- At least 26 people have died in the states of California, Oregon and Washington due to wildfires
- In the state of Oregon, the evacuation of half a million people was ordered
- Many of those who have been forced to evacuate are low-income immigrants
At least 26 people have lost their lives and hundreds of homes have been burned to the ground by the more than 100 fires that continue to burn in the western United States.
In accordance with USA Today, the fires have consumed an area equal to the size of New Jersey.
More than half a million people, representing more than 10% of Oregon’s population, have received immediate evacuation orders as the fires remain uncontained.
On Friday, the National Interagency Fire Center said fires that had been fanned by the wind had also reached Alaska, Arizona, Colorado, Idaho, Montana, Nevada, New Mexico, Texas, Utah and Wyoming.
Of the 26 reported fatalities, 20 have been in California.
According to the California Department of Forestry and Fire Protection (Cal Fire), among that total there are seven more that add to the number of deaths that were counted in the Thursday.
One death was recorded in Washington state. This is a 1-year-old boy who died while his family tried to flee the flames of a wildfire, according to Okanogan County Sheriff Tony Hawley.
“This is the first death we have had. And there are too many, there are too many, ”said Washington Public Lands Commissioner Hilary Franz through tears. “No one should ever fear the loss of their child,” she added.
Five other people have died in Oregon.
Andrew Phelps, director of the Oregon Office of Emergency Management, told a news conference Friday that they were bracing for more deaths.
“We know that we are dealing with fire-related deaths and we are preparing for a mass death incident, based on what we know,” Phelps said.
Many of the residents who have been forced to evacuate are low-income immigrants, according to The Associated Press.
Artemio Gutiérrez contemplated the remains of his mobile home helplessly. His children, sitting in the box of his pickup, waited while he collected some objects: a ceramic jug with a smiley face, some toy houses and a cross formed by two pieces of molten glass.
Gutiérrez, a single father of four, was working in a nearby vineyard when he saw heavy smoke creeping over the Rogue River Valley. He barely had time to pick up his children from the mobile home park where they live with dozens of Mexican families and they escaped with the clothes they were wearing.
“I’m going to start over. It’s not easy, but is not impossible either. You have to be strong in situations like this, ”said Gutiérrez, who had just returned from her mother’s funeral in Mexico.
Whole parks of mobile homes inhabited mostly by Mexican immigrants working in the vineyards or in construction were reduced to ashes.
“We are like one family.
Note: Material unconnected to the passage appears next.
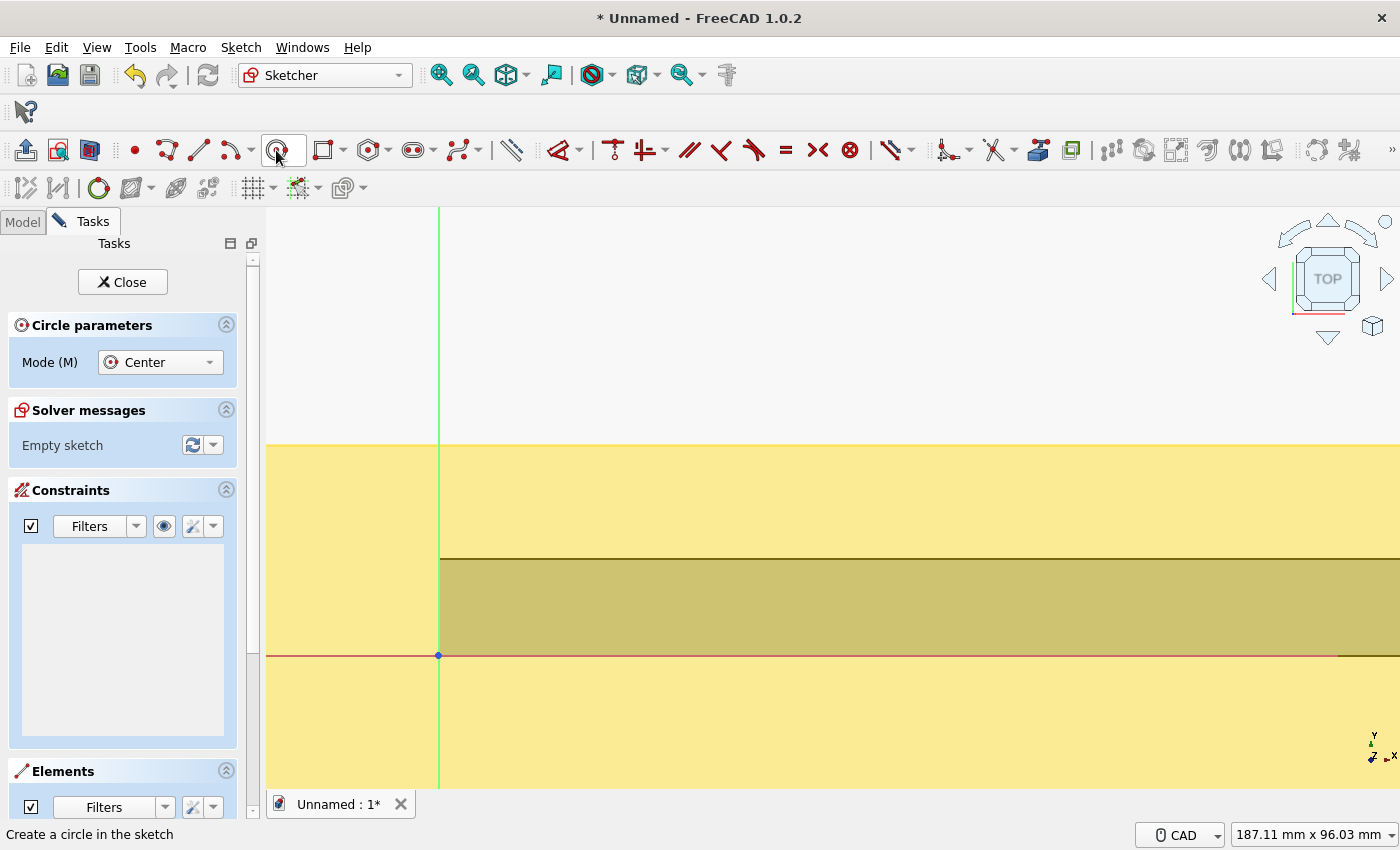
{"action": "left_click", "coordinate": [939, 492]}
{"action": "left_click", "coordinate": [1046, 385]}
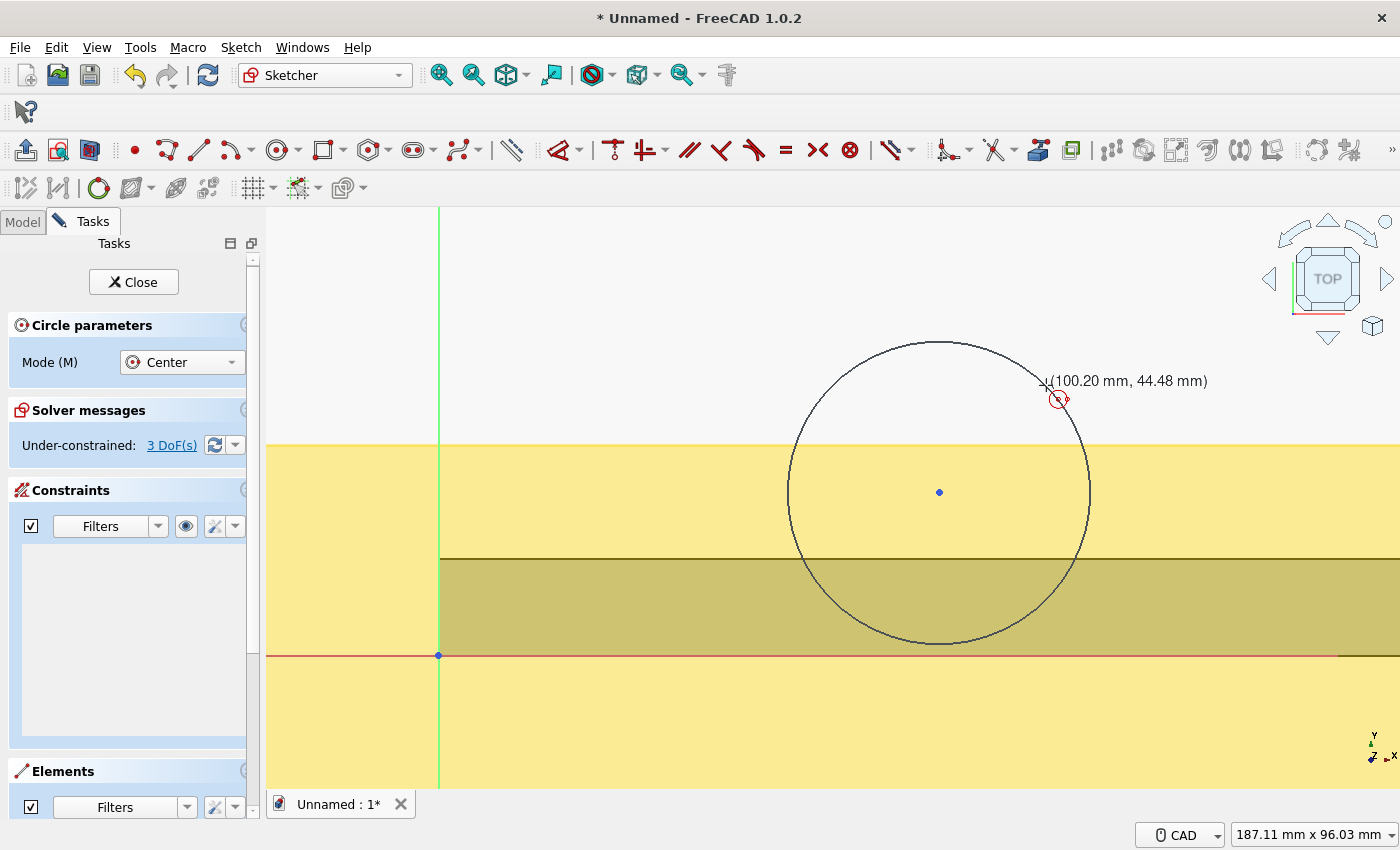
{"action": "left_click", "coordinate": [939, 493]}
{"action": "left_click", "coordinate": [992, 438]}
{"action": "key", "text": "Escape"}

We have known each other for years, since we arrived or even before, ”Gutiérrez said of his neighbors at the Talent Mobile Estates park. “We live from day to day.”
Many workers in the fields of crops in California on Friday faced more difficult and risky working conditions for their health due to the smoke produced by the current fires in the state, according to the Efe agency.
However, in areas severely affected by the fire such as Sonoma County, or in the Central Valley, farmworkers continue their duties despite difficulties.
In a photo on the Twitter account of the Unión de Campesinos (UFW) union, Diego – who did not mention his last name – a worker from Watsonville, Santa Cruz County northwest of Los Angeles, shared a photo of the field where he worked with a strong presence smoke.
Although it is the obligation of contractors and employers to provide the worker with all the necessary elements to protect against these types of conditions, some do not comply with the regulations, so the UFW is following up to report the cases to the Occupational Health and Safety Division. from the California Department of Industrial Relations (Cal / OSHA).
Filed Under: US Fire Deaths
“At this time it is very dangerous to be outside in certain areas such as the Salinas Valley,” Armando Elenes, UFW secretary-treasurer, explained to Efe, indicating that the index of the presence of microparticles currently suspended in the air in that area is approximately 560.
Cal / OSHA’s code of regulation indicates that employers must provide N-95 masks to their workers when the index “is 151 or greater and where employers should reasonably anticipate that employees could be exposed to smoke from wildfires. ”.
“With that current rating of more than 500, wearing a mask is not optional, it is mandatory, and yet the ranchers are not complying with the regulations and although they received masks, some have not distributed them,” Elenes denounced.
The peasants continue to work out of necessity even at the risk of their health.
Filed Under: US Fire Deaths
“There is nothing heroic about what we are doing,” Erick, a farm worker from King City, Monterey County, commented on UFW Twitter, sharing a photo showing the cloudy red sky.
“We work out of necessity,” he added.
With two dozen large fires that have consumed thousands of hectares between August and September in the state, the air stale by smoke can seriously affect the health of these workers.
The air highly polluted by the fires joins the risk of contagion of COVID-19 that these workers currently face, who, due to the conditions of their work, are often unable to maintain social distance and other protective measures.